The Court are clearly of opinion that in neither of these sections is any authority given to the Court of Probate to render a judgment.

The word order, used in both sections, does not ex vi termini mean a judgment. That the legislature did not intend to confer the power to give judgment, is evident from the consideration that in the 121st section, provision is made to proceed against the executor or administrator who neglects or refuses to comply with *147the order after demand being made, by attaching and imprisoning him for contempt; and in neither section is there authority to issue an execution.

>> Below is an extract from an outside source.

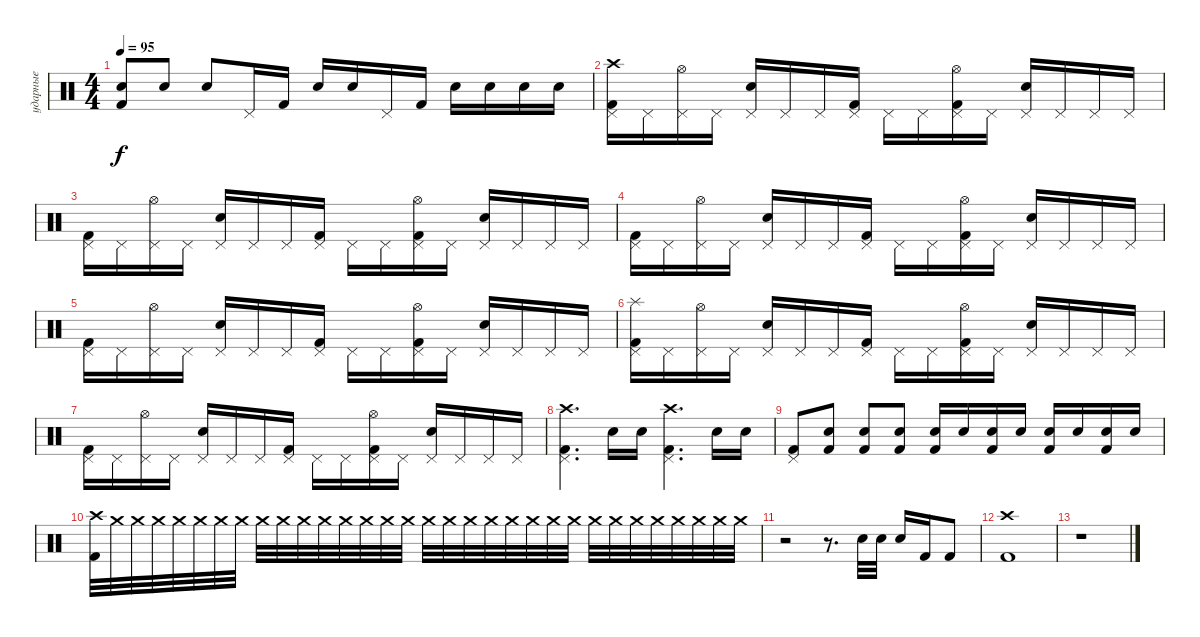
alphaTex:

Had the legislature intended to have authorized the Court of Probate to render judgment against the executor or administrator, under these sections, the Court would unquestionably have been required to collect such judgment by the usual process of execution. The legislature, however, has only given the remedy for the refusal to comply with an order of the Court of Probate, as the common law gives to courts of record in similar cases; to wit, an attachment for contempt. When the legislature directs an inferior court as to the mode of enforcing its orders or decrees, such court possesses no discretion, but must proceed conformably to the mode prescribed. The Court are further confirmed in this view of the subject by the 124th section. This section provides, that Executors or administrators shall not be compelled to pay legatees or distributees, until bond and security be given by said legatees or distributees, to refund their due proportion of any debt which may afterwards appear against the estate, and the costs.attending the recovery thereof; and such bond shall be made payable to such executor or administrator, and shall be for his indemnity, and filed in the Court of Probate.” This provision is entirely inconsistent with the idea that the Court of Probate has power to give a judgment which is a final disposition of the matter in controversy, leaving no act in pais to be done to entitle the successful party to an execution which will put him in possession of the fruits of his recovery. But if we consider the order mentioned in the 121st and 122d sections, as liable only to be enforced by attachment for contempt, then before the Court of Probate could issue such attachment, evidence would have to be furnished that the executors had refused to pay the dividend, and that the devisees or distributees had executed the bond with security, required by the 124th section. In this mode, the proceedings before the Probate Court would comply with the requisitions of the statute, and conform to analogous proceedings in other Courts, and the symmetry of legal proceedings would be preserved.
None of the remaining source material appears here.